Aim of the exercise: Write out each line of the entries exactly, starting at the first and finishing with the line that contains "7. glove [334, 131, 367, 163]".

Records from a collection:
__________

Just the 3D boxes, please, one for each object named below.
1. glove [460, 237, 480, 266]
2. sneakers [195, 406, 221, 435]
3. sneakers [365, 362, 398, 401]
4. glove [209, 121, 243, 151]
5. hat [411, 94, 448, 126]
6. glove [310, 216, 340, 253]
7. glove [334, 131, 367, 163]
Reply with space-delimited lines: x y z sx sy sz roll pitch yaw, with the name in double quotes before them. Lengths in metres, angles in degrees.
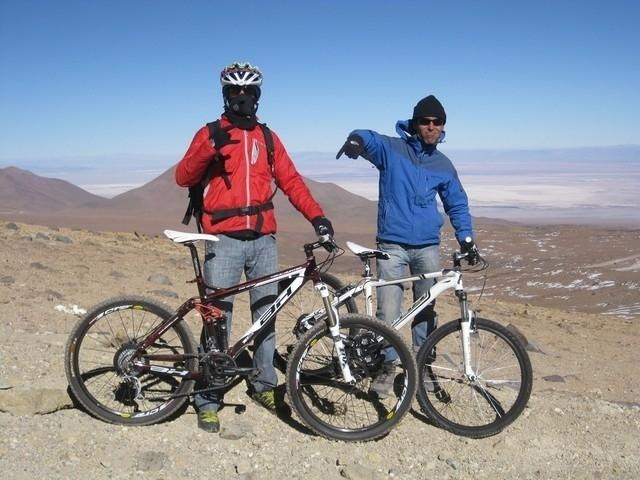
"glove" 1.459 0.113 4.870 0.123 0.248 0.194 -25 -9 -2
"sneakers" -1.040 1.675 4.642 0.199 0.085 0.255 -1 8 -27
"sneakers" 0.636 1.427 5.023 0.284 0.453 0.125 25 14 -2
"glove" -0.848 -0.921 4.357 0.261 0.287 0.413 -4 9 -11
"hat" 1.076 -1.282 4.925 0.313 0.280 0.135 -1 10 7
"glove" 0.045 -0.042 4.567 0.135 0.325 0.226 -42 -18 30
"glove" 0.289 -0.919 4.806 0.206 0.257 0.524 0 8 15

__________

Output for this exercise:
Just the 3D boxes, please, one for each object named below.
1. glove [460, 237, 480, 266]
2. sneakers [195, 406, 221, 435]
3. sneakers [365, 362, 398, 401]
4. glove [209, 121, 243, 151]
5. hat [411, 94, 448, 126]
6. glove [310, 216, 340, 253]
7. glove [334, 131, 367, 163]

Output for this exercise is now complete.